▶ [Task instructions]: A word-for-word copy of the data is what's wanted, with no pictures.

▶ [Material shown]:
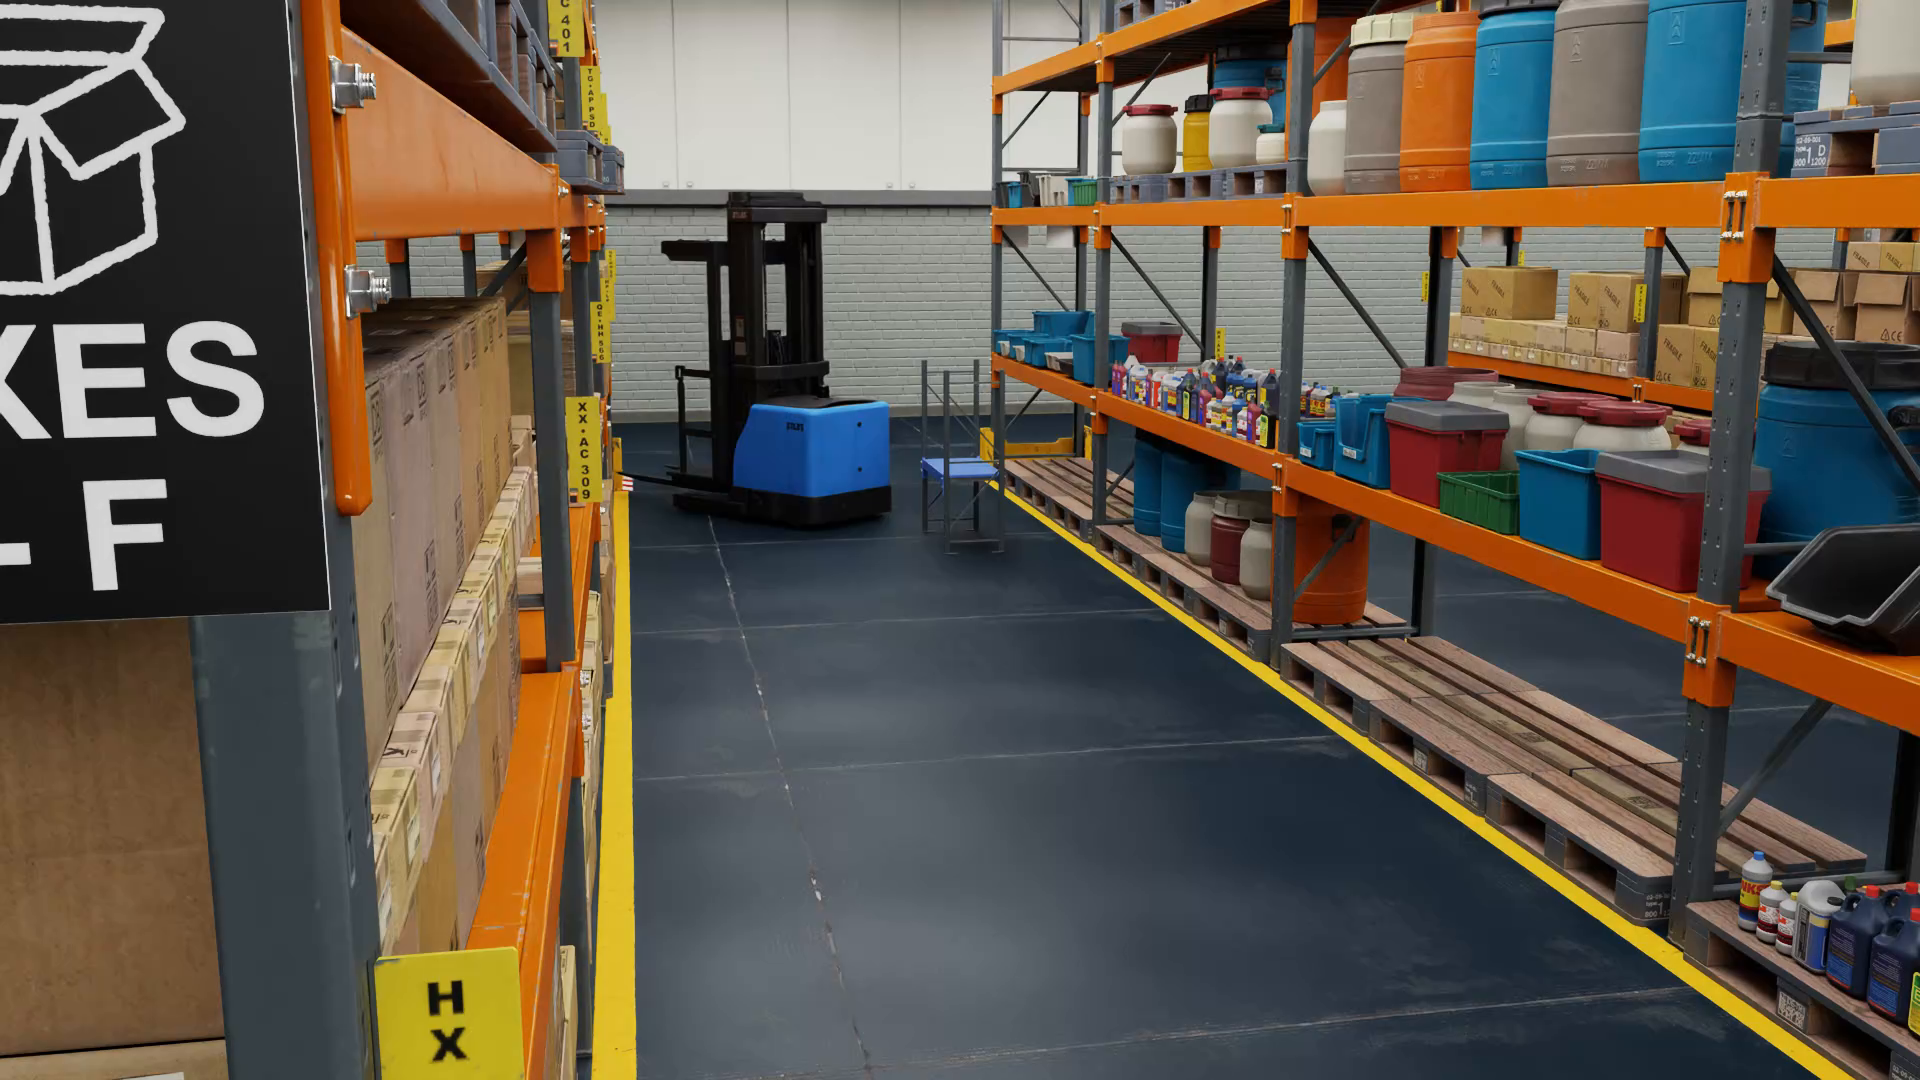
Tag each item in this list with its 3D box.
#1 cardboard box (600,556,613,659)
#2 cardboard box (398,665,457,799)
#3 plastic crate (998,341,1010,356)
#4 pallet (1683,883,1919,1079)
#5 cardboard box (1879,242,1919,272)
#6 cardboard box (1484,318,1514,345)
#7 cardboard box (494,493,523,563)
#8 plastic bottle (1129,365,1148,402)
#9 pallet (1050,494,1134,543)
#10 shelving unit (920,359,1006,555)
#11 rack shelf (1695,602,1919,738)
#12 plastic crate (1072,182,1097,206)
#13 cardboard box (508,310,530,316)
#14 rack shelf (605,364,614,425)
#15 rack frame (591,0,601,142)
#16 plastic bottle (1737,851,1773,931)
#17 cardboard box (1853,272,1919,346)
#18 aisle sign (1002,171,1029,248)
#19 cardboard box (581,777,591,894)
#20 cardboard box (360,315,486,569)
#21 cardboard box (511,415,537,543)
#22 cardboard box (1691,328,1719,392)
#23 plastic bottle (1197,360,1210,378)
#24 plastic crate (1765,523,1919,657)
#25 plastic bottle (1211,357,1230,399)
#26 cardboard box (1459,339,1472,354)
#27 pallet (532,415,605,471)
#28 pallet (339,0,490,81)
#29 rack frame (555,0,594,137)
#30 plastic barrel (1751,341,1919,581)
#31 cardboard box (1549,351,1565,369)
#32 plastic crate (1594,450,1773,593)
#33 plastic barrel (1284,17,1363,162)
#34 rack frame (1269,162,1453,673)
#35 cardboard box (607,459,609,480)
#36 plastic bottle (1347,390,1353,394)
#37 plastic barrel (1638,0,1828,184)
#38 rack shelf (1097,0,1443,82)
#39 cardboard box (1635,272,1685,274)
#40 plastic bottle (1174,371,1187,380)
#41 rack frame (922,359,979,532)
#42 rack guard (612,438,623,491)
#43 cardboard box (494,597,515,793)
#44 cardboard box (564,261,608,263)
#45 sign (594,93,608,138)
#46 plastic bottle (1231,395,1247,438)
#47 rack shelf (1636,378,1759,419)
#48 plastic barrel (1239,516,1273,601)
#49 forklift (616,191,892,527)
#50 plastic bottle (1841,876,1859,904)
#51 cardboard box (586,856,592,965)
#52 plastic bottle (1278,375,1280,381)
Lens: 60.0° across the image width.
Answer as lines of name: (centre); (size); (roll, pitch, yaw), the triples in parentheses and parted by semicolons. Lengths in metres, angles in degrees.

▶ [Worked solution]:
Tag each item in this list with its 3D box.
#1 cardboard box (600,556,613,659)
#2 cardboard box (398,665,457,799)
#3 plastic crate (998,341,1010,356)
#4 pallet (1683,883,1919,1079)
#5 cardboard box (1879,242,1919,272)
#6 cardboard box (1484,318,1514,345)
#7 cardboard box (494,493,523,563)
#8 plastic bottle (1129,365,1148,402)
#9 pallet (1050,494,1134,543)
#10 shelving unit (920,359,1006,555)
#11 rack shelf (1695,602,1919,738)
#12 plastic crate (1072,182,1097,206)
#13 cardboard box (508,310,530,316)
#14 rack shelf (605,364,614,425)
#15 rack frame (591,0,601,142)
#16 plastic bottle (1737,851,1773,931)
#17 cardboard box (1853,272,1919,346)
#18 aisle sign (1002,171,1029,248)
#19 cardboard box (581,777,591,894)
#20 cardboard box (360,315,486,569)
#21 cardboard box (511,415,537,543)
#22 cardboard box (1691,328,1719,392)
#23 plastic bottle (1197,360,1210,378)
#24 plastic crate (1765,523,1919,657)
#25 plastic bottle (1211,357,1230,399)
#26 cardboard box (1459,339,1472,354)
#27 pallet (532,415,605,471)
#28 pallet (339,0,490,81)
#29 rack frame (555,0,594,137)
#30 plastic barrel (1751,341,1919,581)
#31 cardboard box (1549,351,1565,369)
#32 plastic crate (1594,450,1773,593)
#33 plastic barrel (1284,17,1363,162)
#34 rack frame (1269,162,1453,673)
#35 cardboard box (607,459,609,480)
#36 plastic bottle (1347,390,1353,394)
#37 plastic barrel (1638,0,1828,184)
#38 rack shelf (1097,0,1443,82)
#39 cardboard box (1635,272,1685,274)
#40 plastic bottle (1174,371,1187,380)
#41 rack frame (922,359,979,532)
#42 rack guard (612,438,623,491)
#43 cardboard box (494,597,515,793)
#44 cardboard box (564,261,608,263)
#45 sign (594,93,608,138)
#46 plastic bottle (1231,395,1247,438)
#47 rack shelf (1636,378,1759,419)
#48 plastic barrel (1239,516,1273,601)
#49 forklift (616,191,892,527)
#50 plastic bottle (1841,876,1859,904)
#51 cardboard box (586,856,592,965)
#52 plastic bottle (1278,375,1280,381)
Lens: 60.0° across the image width.
Answer as lines of name: (centre); (size); (roll, pitch, yaw), the triples in parentheses and parted by semicolons. Lengths in metres, angles in degrees.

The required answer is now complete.